▶ Task to carry out
Retrieve all lines below that have the string "SELECT".

▶ Records for this task
- - -

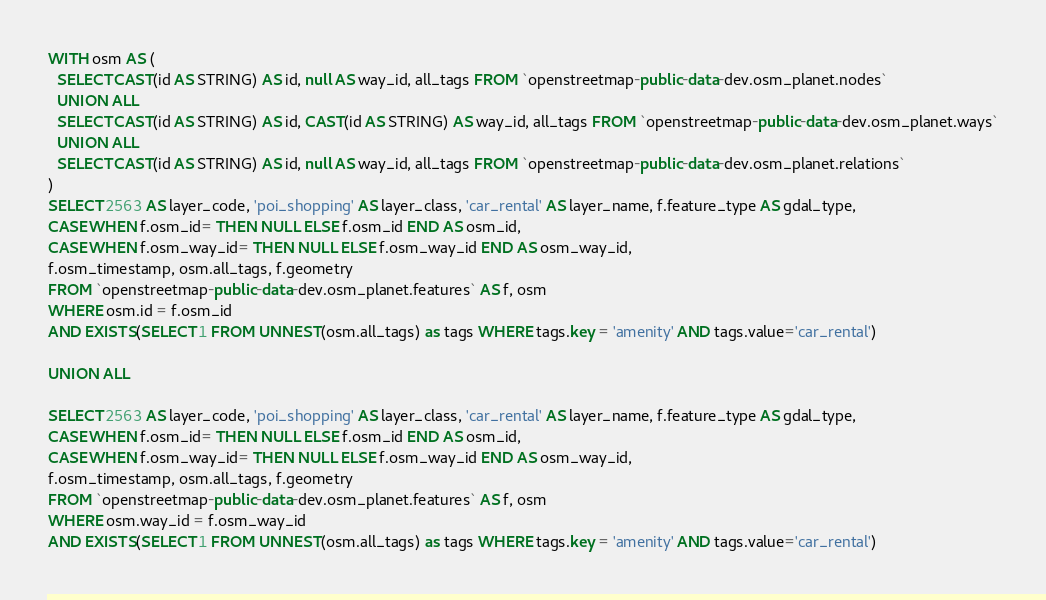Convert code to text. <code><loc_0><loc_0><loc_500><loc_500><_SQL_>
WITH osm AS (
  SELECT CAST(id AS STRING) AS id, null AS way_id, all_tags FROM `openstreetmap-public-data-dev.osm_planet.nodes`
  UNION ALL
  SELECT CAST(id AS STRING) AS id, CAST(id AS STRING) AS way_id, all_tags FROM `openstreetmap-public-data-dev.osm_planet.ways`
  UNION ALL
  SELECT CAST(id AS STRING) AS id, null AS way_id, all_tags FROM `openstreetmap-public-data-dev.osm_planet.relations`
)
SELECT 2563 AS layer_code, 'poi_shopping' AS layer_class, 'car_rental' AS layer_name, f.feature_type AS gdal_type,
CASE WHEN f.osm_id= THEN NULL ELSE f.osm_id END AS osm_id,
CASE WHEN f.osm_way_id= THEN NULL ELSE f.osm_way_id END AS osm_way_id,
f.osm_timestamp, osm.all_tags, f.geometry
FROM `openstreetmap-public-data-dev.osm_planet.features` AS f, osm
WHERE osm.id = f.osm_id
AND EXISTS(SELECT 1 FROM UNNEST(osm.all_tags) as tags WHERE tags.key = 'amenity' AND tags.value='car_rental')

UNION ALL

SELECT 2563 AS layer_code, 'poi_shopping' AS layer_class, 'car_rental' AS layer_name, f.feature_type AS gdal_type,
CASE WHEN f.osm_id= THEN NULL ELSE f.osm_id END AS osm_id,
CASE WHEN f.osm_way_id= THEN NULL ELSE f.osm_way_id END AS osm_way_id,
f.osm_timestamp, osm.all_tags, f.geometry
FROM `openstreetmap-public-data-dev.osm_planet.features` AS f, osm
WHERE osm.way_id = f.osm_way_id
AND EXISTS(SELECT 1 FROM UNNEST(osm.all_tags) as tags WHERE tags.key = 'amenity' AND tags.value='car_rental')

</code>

- - -

▶ Answer to this problem
  SELECT CAST(id AS STRING) AS id, null AS way_id, all_tags FROM `openstreetmap-public-data-dev.osm_planet.nodes`
  SELECT CAST(id AS STRING) AS id, CAST(id AS STRING) AS way_id, all_tags FROM `openstreetmap-public-data-dev.osm_planet.ways`
  SELECT CAST(id AS STRING) AS id, null AS way_id, all_tags FROM `openstreetmap-public-data-dev.osm_planet.relations`
SELECT 2563 AS layer_code, 'poi_shopping' AS layer_class, 'car_rental' AS layer_name, f.feature_type AS gdal_type,
AND EXISTS(SELECT 1 FROM UNNEST(osm.all_tags) as tags WHERE tags.key = 'amenity' AND tags.value='car_rental')
SELECT 2563 AS layer_code, 'poi_shopping' AS layer_class, 'car_rental' AS layer_name, f.feature_type AS gdal_type,
AND EXISTS(SELECT 1 FROM UNNEST(osm.all_tags) as tags WHERE tags.key = 'amenity' AND tags.value='car_rental')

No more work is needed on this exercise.